Teaching & Learning Page
Teaching and Learning Spotlight- Literacy at Surfside
As discussed in the last newsletter, research has shown that there are six key components that contribute to successful reading. Because of the importance of these components, they have become known as ‘The Big Six’:
- oral language
- phonological awareness
- phonics
- vocabulary
- fluency
- comprehension
This week, we are going to focus on the foundation of all literacy skills, oral language.
Oral language
How does oral language contribute to reading success?
Oral language is the foundation of all literacy skills. If children experience rich oral language when they are young by talking with, and listening to adults and other children, they will have a large ‘bank’ of words that they understand when used in spoken communication. Children will have heard and joined in word play, rhyming and be aware of the sounds of English. They will be familiar with lots of different sentence types and understand how language can change in different situations. They understand that words have meanings and that we use language to communicate information, ideas, feelings and thoughts.
What can parents can do at home to encourage oral language?
Parents can support children in their oral language development by providing a variety of opportunities for children to listen and talk for different purposes. Here are some of the best ways parents can encourage oral language:
- Talk to your child and listen responsively. Ask and answer questions.
- Read aloud to your child at least once a day. Good books expose children to vocabulary and sentence structures that they won’t hear in everyday situations. Research has shown that reading aloud to children is a major factor in their success in learning to read at school.
- Talk about the books you read aloud with your child. Ask your child about the characters, plot or setting; the themes and ideas raised by the book; topics they’d like to read, or learn more about as a result of reading aloud.
How do we support development of oral language at Surfside?

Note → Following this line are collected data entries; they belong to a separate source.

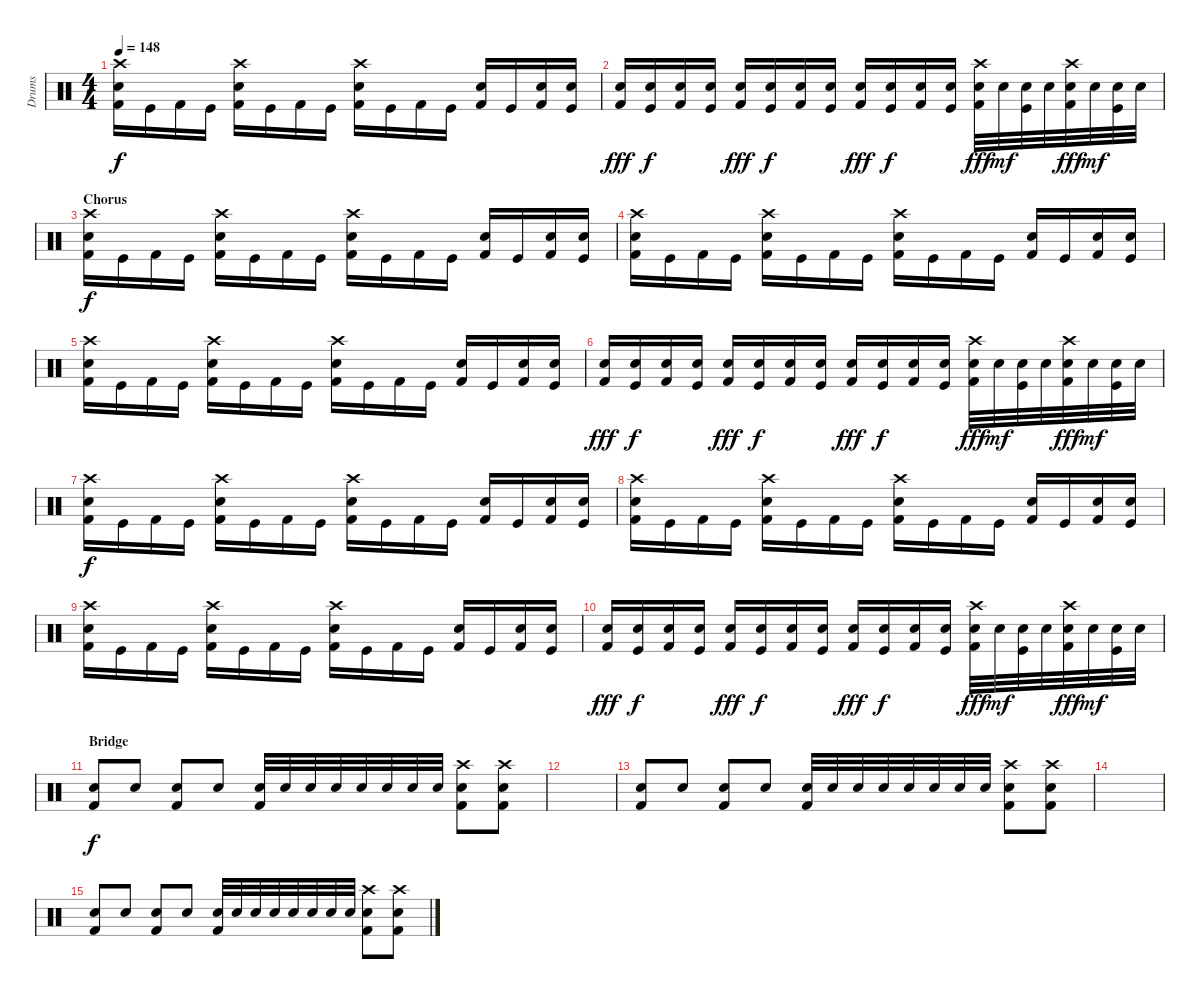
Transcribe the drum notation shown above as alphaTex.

\track ("Drums" "Drums") {instrument percussion}
\staff {score}
\articulation defaults
\ts (4 4)
\tempo 148
\clef neutral
\ks c
("Crash high (hit)" "Snare (hit) 2" "Kick (hit) 2").16{dy f} "Kick (hit)".16 "Kick (hit) 2".16 "Kick (hit)".16 ("Crash high (hit)" "Snare (hit) 2" "Kick (hit) 2").16 "Kick (hit)".16 "Kick (hit) 2".16 "Kick (hit)".16 ("Crash high (hit)" "Snare (hit) 2" "Kick (hit) 2").16 "Kick (hit)".16 "Kick (hit) 2".16 "Kick (hit)".16 ("Snare (hit) 2" "Kick (hit) 2").16 "Kick (hit)".16 ("Snare (hit) 2" "Kick (hit) 2").16 ("Snare (hit) 2" "Kick (hit)").16 |
("Snare (hit) 2" "Kick (hit) 2").16{dy fff} ("Snare (hit) 2" "Kick (hit)").16{dy f} ("Snare (hit) 2" "Kick (hit) 2").16 ("Snare (hit) 2" "Kick (hit)").16 ("Snare (hit) 2" "Kick (hit) 2").16{dy fff} ("Snare (hit) 2" "Kick (hit)").16{dy f} ("Snare (hit) 2" "Kick (hit) 2").16 ("Snare (hit) 2" "Kick (hit)").16 ("Snare (hit) 2" "Kick (hit) 2").16{dy fff} ("Snare (hit) 2" "Kick (hit)").16{dy f} ("Snare (hit) 2" "Kick (hit) 2").16 ("Snare (hit) 2" "Kick (hit)").16 ("Crash high (hit)" "Snare (hit) 2" "Kick (hit) 2").32{dy fff} "Snare (hit) 2".32{dy mf} ("Snare (hit) 2" "Kick (hit)").32 "Snare (hit) 2".32 ("Crash high (hit)" "Snare (hit) 2" "Kick (hit) 2").32{dy fff} "Snare (hit) 2".32{dy mf} ("Snare (hit) 2" "Kick (hit)").32 "Snare (hit) 2".32 |
\section ("" "Chorus")
("Crash high (hit)" "Snare (hit) 2" "Kick (hit) 2").16{dy f} "Kick (hit)".16 "Kick (hit) 2".16 "Kick (hit)".16 ("Crash high (hit)" "Snare (hit) 2" "Kick (hit) 2").16 "Kick (hit)".16 "Kick (hit) 2".16 "Kick (hit)".16 ("Crash high (hit)" "Snare (hit) 2" "Kick (hit) 2").16 "Kick (hit)".16 "Kick (hit) 2".16 "Kick (hit)".16 ("Snare (hit) 2" "Kick (hit) 2").16 "Kick (hit)".16 ("Snare (hit) 2" "Kick (hit) 2").16 ("Snare (hit) 2" "Kick (hit)").16 |
("Crash high (hit)" "Snare (hit) 2" "Kick (hit) 2").16 "Kick (hit)".16 "Kick (hit) 2".16 "Kick (hit)".16 ("Crash high (hit)" "Snare (hit) 2" "Kick (hit) 2").16 "Kick (hit)".16 "Kick (hit) 2".16 "Kick (hit)".16 ("Crash high (hit)" "Snare (hit) 2" "Kick (hit) 2").16 "Kick (hit)".16 "Kick (hit) 2".16 "Kick (hit)".16 ("Snare (hit) 2" "Kick (hit) 2").16 "Kick (hit)".16 ("Snare (hit) 2" "Kick (hit) 2").16 ("Snare (hit) 2" "Kick (hit)").16 |
("Crash high (hit)" "Snare (hit) 2" "Kick (hit) 2").16 "Kick (hit)".16 "Kick (hit) 2".16 "Kick (hit)".16 ("Crash high (hit)" "Snare (hit) 2" "Kick (hit) 2").16 "Kick (hit)".16 "Kick (hit) 2".16 "Kick (hit)".16 ("Crash high (hit)" "Snare (hit) 2" "Kick (hit) 2").16 "Kick (hit)".16 "Kick (hit) 2".16 "Kick (hit)".16 ("Snare (hit) 2" "Kick (hit) 2").16 "Kick (hit)".16 ("Snare (hit) 2" "Kick (hit) 2").16 ("Snare (hit) 2" "Kick (hit)").16 |
("Snare (hit) 2" "Kick (hit) 2").16{dy fff} ("Snare (hit) 2" "Kick (hit)").16{dy f} ("Snare (hit) 2" "Kick (hit) 2").16 ("Snare (hit) 2" "Kick (hit)").16 ("Snare (hit) 2" "Kick (hit) 2").16{dy fff} ("Snare (hit) 2" "Kick (hit)").16{dy f} ("Snare (hit) 2" "Kick (hit) 2").16 ("Snare (hit) 2" "Kick (hit)").16 ("Snare (hit) 2" "Kick (hit) 2").16{dy fff} ("Snare (hit) 2" "Kick (hit)").16{dy f} ("Snare (hit) 2" "Kick (hit) 2").16 ("Snare (hit) 2" "Kick (hit)").16 ("Crash high (hit)" "Snare (hit) 2" "Kick (hit) 2").32{dy fff} "Snare (hit) 2".32{dy mf} ("Snare (hit) 2" "Kick (hit)").32 "Snare (hit) 2".32 ("Crash high (hit)" "Snare (hit) 2" "Kick (hit) 2").32{dy fff} "Snare (hit) 2".32{dy mf} ("Snare (hit) 2" "Kick (hit)").32 "Snare (hit) 2".32 |
("Crash high (hit)" "Snare (hit) 2" "Kick (hit) 2").16{dy f} "Kick (hit)".16 "Kick (hit) 2".16 "Kick (hit)".16 ("Crash high (hit)" "Snare (hit) 2" "Kick (hit) 2").16 "Kick (hit)".16 "Kick (hit) 2".16 "Kick (hit)".16 ("Crash high (hit)" "Snare (hit) 2" "Kick (hit) 2").16 "Kick (hit)".16 "Kick (hit) 2".16 "Kick (hit)".16 ("Snare (hit) 2" "Kick (hit) 2").16 "Kick (hit)".16 ("Snare (hit) 2" "Kick (hit) 2").16 ("Snare (hit) 2" "Kick (hit)").16 |
("Crash high (hit)" "Snare (hit) 2" "Kick (hit) 2").16 "Kick (hit)".16 "Kick (hit) 2".16 "Kick (hit)".16 ("Crash high (hit)" "Snare (hit) 2" "Kick (hit) 2").16 "Kick (hit)".16 "Kick (hit) 2".16 "Kick (hit)".16 ("Crash high (hit)" "Snare (hit) 2" "Kick (hit) 2").16 "Kick (hit)".16 "Kick (hit) 2".16 "Kick (hit)".16 ("Snare (hit) 2" "Kick (hit) 2").16 "Kick (hit)".16 ("Snare (hit) 2" "Kick (hit) 2").16 ("Snare (hit) 2" "Kick (hit)").16 |
("Crash high (hit)" "Snare (hit) 2" "Kick (hit) 2").16 "Kick (hit)".16 "Kick (hit) 2".16 "Kick (hit)".16 ("Crash high (hit)" "Snare (hit) 2" "Kick (hit) 2").16 "Kick (hit)".16 "Kick (hit) 2".16 "Kick (hit)".16 ("Crash high (hit)" "Snare (hit) 2" "Kick (hit) 2").16 "Kick (hit)".16 "Kick (hit) 2".16 "Kick (hit)".16 ("Snare (hit) 2" "Kick (hit) 2").16 "Kick (hit)".16 ("Snare (hit) 2" "Kick (hit) 2").16 ("Snare (hit) 2" "Kick (hit)").16 |
("Snare (hit) 2" "Kick (hit) 2").16{dy fff} ("Snare (hit) 2" "Kick (hit)").16{dy f} ("Snare (hit) 2" "Kick (hit) 2").16 ("Snare (hit) 2" "Kick (hit)").16 ("Snare (hit) 2" "Kick (hit) 2").16{dy fff} ("Snare (hit) 2" "Kick (hit)").16{dy f} ("Snare (hit) 2" "Kick (hit) 2").16 ("Snare (hit) 2" "Kick (hit)").16 ("Snare (hit) 2" "Kick (hit) 2").16{dy fff} ("Snare (hit) 2" "Kick (hit)").16{dy f} ("Snare (hit) 2" "Kick (hit) 2").16 ("Snare (hit) 2" "Kick (hit)").16 ("Crash high (hit)" "Snare (hit) 2" "Kick (hit) 2").32{dy fff} "Snare (hit) 2".32{dy mf} ("Snare (hit) 2" "Kick (hit)").32 "Snare (hit) 2".32 ("Crash high (hit)" "Snare (hit) 2" "Kick (hit) 2").32{dy fff} "Snare (hit) 2".32{dy mf} ("Snare (hit) 2" "Kick (hit)").32 "Snare (hit) 2".32 |
\section ("" "Bridge")
("Snare (hit) 2" "Kick (hit) 2").8{dy f} "Snare (hit) 2".8 ("Snare (hit) 2" "Kick (hit) 2").8 "Snare (hit) 2".8 ("Snare (hit) 2" "Kick (hit) 2").32 "Snare (hit) 2".32 "Snare (hit) 2".32 "Snare (hit) 2".32 "Snare (hit) 2".32 "Snare (hit) 2".32 "Snare (hit) 2".32 "Snare (hit) 2".32 ("Crash high (hit)" "Snare (hit) 2" "Kick (hit) 2").8 ("Crash high (hit)" "Snare (hit) 2" "Kick (hit) 2").8 |
|
("Snare (hit) 2" "Kick (hit) 2").8 "Snare (hit) 2".8 ("Snare (hit) 2" "Kick (hit) 2").8 "Snare (hit) 2".8 ("Snare (hit) 2" "Kick (hit) 2").32 "Snare (hit) 2".32 "Snare (hit) 2".32 "Snare (hit) 2".32 "Snare (hit) 2".32 "Snare (hit) 2".32 "Snare (hit) 2".32 "Snare (hit) 2".32 ("Crash high (hit)" "Snare (hit) 2" "Kick (hit) 2").8 ("Crash high (hit)" "Snare (hit) 2" "Kick (hit) 2").8 |
|
("Snare (hit) 2" "Kick (hit) 2").8 "Snare (hit) 2".8 ("Snare (hit) 2" "Kick (hit) 2").8 "Snare (hit) 2".8 ("Snare (hit) 2" "Kick (hit) 2").32 "Snare (hit) 2".32 "Snare (hit) 2".32 "Snare (hit) 2".32 "Snare (hit) 2".32 "Snare (hit) 2".32 "Snare (hit) 2".32 "Snare (hit) 2".32 ("Crash high (hit)" "Snare (hit) 2" "Kick (hit) 2").8 ("Crash high (hit)" "Snare (hit) 2" "Kick (hit) 2").8

- Use accurate, descriptive, positional language, and precise terminology. Provide clear feedback to facilitate understanding.
- Check for students’ receptive language skills for those who have trouble concentrating, look confused, answer questions inappropriately, partially follow directions; or wait until others have responded before they respond.
- Adjust language according to student need as confusion can result from unfamiliar language structures and “lexical density” of the more formal language of school. Use simple, direct language, and incorporate strategies like emphasising important words (verbs).
- Active listening requires selective and sustained attention, working memory, cognitive processing, and information storage and recall mechanisms. For older students, teaching note-taking skills from oral input also develops listening skills.
- Elaborate on student’s language by adding new information, questioning, repetition, and other communication skills such as taking turns and eye contact.
- One-to-one conversations can model more sophisticated structures and vocabulary to develop appropriate turn-taking, intonation, expression and eye contact.
- Explore and retell books with open-ended questions about the author/pictures to encourage language and broader cognitive development, building sequencing skills, practice different tenses and use time-related connecting words.
- Picture books build the concepts of letter, word and sentence, familiarity with upper and lowercase letters and punctuation. Expose students to more sophisticated vocabulary and syntactic structures to promote discussion about diverse and important topics.
- As children mature, thinking out loud becomes progressively quieter until it becomes thought. Thinking aloud reveals how to work through a task or problem.
- Explicit teaching of new vocabulary is incorporated into all subject areas. Targeting a particular aspect of oral language in each lesson increases the opportunities for practice.